Source material:
■ ■ ■ ■ ■ ■ ■

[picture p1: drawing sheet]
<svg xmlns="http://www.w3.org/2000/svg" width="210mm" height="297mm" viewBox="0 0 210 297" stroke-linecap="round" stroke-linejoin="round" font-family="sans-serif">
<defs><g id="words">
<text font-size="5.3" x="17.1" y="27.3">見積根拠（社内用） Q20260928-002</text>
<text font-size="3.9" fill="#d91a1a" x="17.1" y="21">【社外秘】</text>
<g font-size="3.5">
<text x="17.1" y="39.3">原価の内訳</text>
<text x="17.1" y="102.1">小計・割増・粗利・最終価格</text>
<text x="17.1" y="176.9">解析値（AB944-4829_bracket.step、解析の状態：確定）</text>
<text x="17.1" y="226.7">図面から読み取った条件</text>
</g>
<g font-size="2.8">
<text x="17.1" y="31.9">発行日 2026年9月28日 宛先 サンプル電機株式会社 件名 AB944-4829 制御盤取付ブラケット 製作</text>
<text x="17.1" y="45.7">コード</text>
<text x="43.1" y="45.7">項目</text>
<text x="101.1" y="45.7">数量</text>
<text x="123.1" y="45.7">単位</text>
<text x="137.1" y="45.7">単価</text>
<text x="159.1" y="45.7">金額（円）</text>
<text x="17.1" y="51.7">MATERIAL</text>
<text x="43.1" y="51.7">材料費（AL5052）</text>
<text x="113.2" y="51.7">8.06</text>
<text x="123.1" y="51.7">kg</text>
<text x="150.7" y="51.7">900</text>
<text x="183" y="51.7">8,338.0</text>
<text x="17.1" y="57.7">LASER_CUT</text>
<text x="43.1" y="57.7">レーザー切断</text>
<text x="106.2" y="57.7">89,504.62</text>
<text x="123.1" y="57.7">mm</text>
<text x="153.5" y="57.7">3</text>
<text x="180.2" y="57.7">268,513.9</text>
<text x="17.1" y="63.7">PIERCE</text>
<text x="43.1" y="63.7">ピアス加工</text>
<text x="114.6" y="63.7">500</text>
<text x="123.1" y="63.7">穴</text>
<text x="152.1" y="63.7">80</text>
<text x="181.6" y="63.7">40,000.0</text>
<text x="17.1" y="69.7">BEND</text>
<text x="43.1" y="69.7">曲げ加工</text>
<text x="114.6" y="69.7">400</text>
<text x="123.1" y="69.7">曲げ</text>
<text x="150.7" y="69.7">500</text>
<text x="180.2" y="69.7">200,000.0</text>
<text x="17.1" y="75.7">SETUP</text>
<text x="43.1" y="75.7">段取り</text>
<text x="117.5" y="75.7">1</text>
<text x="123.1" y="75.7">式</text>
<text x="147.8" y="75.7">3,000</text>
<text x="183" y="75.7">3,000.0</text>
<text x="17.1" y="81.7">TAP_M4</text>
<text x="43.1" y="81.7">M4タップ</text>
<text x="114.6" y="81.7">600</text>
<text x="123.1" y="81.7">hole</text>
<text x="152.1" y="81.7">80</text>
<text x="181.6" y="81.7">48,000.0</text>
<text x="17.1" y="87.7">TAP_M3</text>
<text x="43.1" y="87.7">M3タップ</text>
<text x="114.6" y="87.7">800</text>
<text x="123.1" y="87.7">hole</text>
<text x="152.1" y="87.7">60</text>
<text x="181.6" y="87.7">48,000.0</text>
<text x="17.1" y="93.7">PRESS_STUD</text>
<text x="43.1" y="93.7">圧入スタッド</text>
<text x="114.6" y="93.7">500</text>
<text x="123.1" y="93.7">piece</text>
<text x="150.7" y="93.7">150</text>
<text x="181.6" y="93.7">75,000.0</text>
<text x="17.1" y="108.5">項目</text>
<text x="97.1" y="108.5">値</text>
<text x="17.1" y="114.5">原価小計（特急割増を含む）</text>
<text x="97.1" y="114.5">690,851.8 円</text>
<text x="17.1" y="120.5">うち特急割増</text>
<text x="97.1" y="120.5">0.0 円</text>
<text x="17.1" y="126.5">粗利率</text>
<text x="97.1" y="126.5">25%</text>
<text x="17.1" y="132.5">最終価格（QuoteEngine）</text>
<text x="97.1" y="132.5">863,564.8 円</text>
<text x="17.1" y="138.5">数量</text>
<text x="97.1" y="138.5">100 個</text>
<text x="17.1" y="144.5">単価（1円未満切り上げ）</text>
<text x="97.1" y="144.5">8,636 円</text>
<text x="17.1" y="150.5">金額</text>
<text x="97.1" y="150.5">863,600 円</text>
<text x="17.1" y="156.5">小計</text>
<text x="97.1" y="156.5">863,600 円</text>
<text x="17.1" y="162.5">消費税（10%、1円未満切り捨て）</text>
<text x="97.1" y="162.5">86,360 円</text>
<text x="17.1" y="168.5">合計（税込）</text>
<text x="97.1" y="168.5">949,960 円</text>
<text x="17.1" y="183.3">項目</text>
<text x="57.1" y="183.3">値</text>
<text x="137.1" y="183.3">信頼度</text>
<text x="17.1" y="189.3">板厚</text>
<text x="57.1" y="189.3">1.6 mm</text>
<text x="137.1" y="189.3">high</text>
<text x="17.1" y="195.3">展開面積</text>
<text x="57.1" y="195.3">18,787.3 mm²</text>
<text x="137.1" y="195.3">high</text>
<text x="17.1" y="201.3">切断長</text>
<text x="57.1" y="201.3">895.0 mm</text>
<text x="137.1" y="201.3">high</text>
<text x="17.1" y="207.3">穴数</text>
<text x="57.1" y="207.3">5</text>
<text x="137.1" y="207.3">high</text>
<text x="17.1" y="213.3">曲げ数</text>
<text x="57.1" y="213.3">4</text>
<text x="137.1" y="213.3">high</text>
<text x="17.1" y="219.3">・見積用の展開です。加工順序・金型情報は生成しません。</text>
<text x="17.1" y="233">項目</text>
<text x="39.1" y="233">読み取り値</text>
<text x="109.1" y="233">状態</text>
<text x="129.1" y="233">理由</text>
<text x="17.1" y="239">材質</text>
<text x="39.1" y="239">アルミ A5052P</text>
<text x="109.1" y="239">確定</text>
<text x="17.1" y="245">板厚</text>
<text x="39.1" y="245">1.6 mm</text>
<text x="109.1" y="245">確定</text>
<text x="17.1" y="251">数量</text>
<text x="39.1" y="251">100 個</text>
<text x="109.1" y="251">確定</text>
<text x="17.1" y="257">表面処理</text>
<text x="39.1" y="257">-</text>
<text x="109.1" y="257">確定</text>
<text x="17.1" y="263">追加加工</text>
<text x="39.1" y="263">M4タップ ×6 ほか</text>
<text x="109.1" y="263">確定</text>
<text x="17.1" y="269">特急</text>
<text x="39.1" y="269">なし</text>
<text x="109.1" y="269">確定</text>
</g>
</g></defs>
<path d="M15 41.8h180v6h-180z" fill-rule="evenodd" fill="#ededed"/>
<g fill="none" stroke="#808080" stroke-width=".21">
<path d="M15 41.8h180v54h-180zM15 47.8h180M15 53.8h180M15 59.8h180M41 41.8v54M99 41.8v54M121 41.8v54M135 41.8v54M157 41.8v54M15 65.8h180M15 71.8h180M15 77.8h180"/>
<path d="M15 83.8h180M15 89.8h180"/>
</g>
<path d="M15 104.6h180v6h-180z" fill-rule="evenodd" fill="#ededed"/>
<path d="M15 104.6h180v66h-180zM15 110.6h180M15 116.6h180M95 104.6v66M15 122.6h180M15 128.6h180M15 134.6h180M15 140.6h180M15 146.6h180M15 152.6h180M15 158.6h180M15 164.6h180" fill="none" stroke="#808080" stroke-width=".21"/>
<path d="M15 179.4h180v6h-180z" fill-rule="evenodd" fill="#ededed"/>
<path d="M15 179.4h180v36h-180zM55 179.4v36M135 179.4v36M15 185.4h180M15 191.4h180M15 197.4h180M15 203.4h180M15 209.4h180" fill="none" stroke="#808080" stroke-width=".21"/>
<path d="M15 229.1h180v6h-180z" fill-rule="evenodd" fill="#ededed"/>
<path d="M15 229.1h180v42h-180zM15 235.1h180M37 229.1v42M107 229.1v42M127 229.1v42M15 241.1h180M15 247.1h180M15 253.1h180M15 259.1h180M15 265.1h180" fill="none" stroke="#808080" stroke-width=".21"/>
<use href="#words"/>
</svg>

■ ■ ■ ■ ■ ■ ■

Assigned task:
Using the records above, find and show each line with the string "hole".

Reply to the exercise:
<text x="123.1" y="81.7">hole</text>
<text x="123.1" y="87.7">hole</text>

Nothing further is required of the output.